Things have got so serious in Italy that the only two things propping up the country’s crumbling banking sector — apart from the last few remaining crumbs of public faith in the system — are two inadequately capitalized bad bank funds, Atlante I and the imaginatively named Atlante II.
Both funds are operated by a deeply opaque Luxembourg-based private firm called Quaestio SGR. The firm is a wholly owned subsidiary of Quaestio Holding S.A, which is itself jointly owned by a bizarre mishmash of organizations, including Fondazione Cariplo (37.65%), an influential “charitable” banking foundation; Fondazione Cassa dei Risparmi di Forlì (6.75%), a regional savings bank; Cassa Italiana di Previdenza e Assistenza dei Geometri liberi professionisti (18%), a bank for professional freelance surveyors (no, seriously); Locke S.r.l. (22%), an obscure Milan-based holding company; and Direzione Generale Opere Don Bosco (15.60%), a Roman Catholic religious institute. No surprises there.
[Hat tip to regular WOLF STREET reader and commenter MC for pointing out some of the peculiarities of Italy’s two bad banks]Atlante I’s funds are largely privately sourced, coming primarily from Italy’s largest banks.
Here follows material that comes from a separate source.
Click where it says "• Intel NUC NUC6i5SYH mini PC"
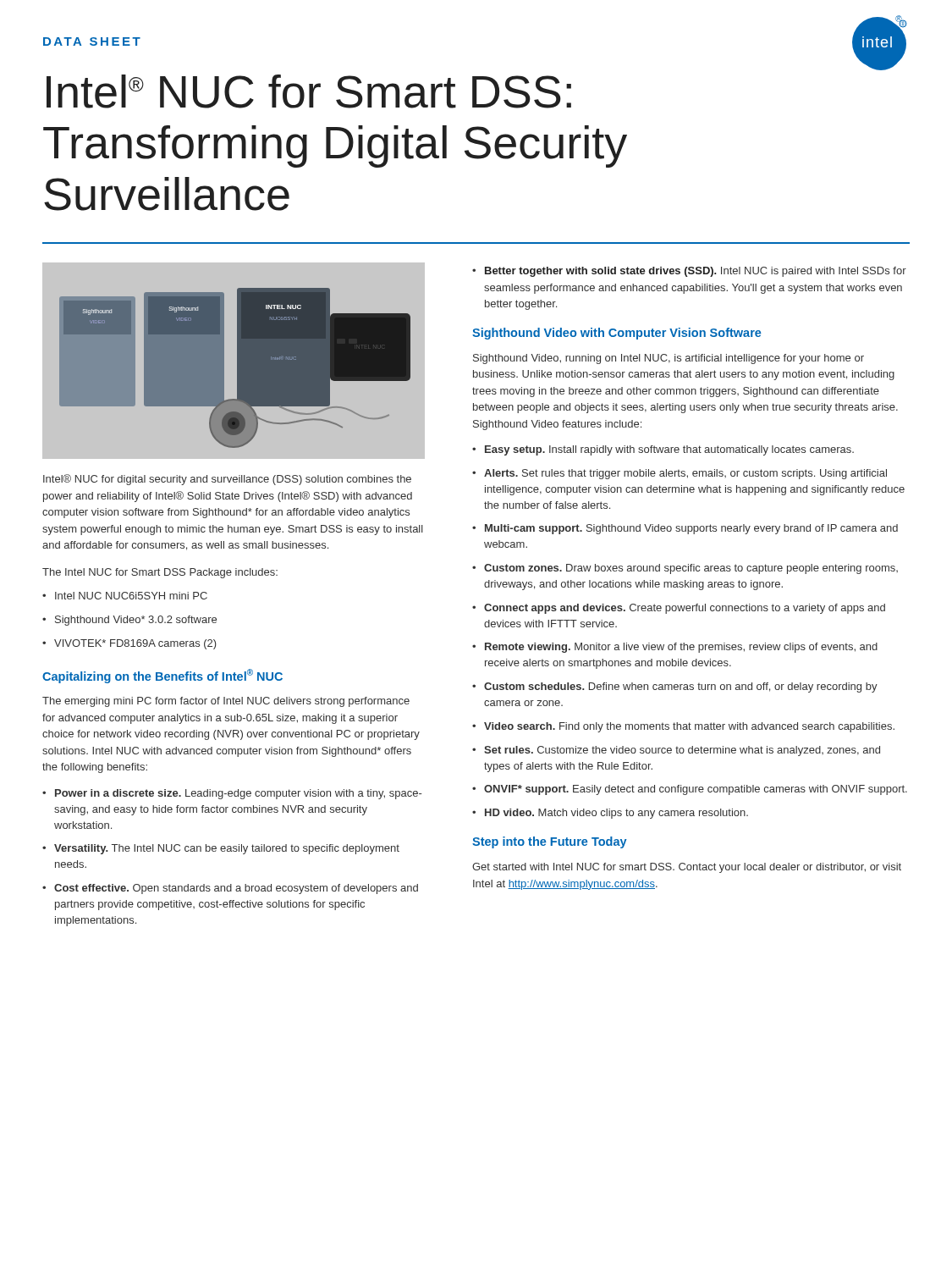Screen dimensions: 1270x952 click(125, 596)

The two biggest banks, Unicredit and Intesa San Paolo,both pledged around a billion euros a piece. A further €500 million was provided by a gaggle of smaller banks and another €500 million was pledged by Cassa Depositi e Prestiti (CDP for short), an almost wholly state-owned financial institution. With a little extra help from certain foreign investors, Atlante was able to claw together some €4.8 billion — to help solve a €360 bad-debt problem.
So far, €1.5 billion of those funds have been used to sub-underwrite the capital expansion and failed IPO of Banco Popolare di Vicenza.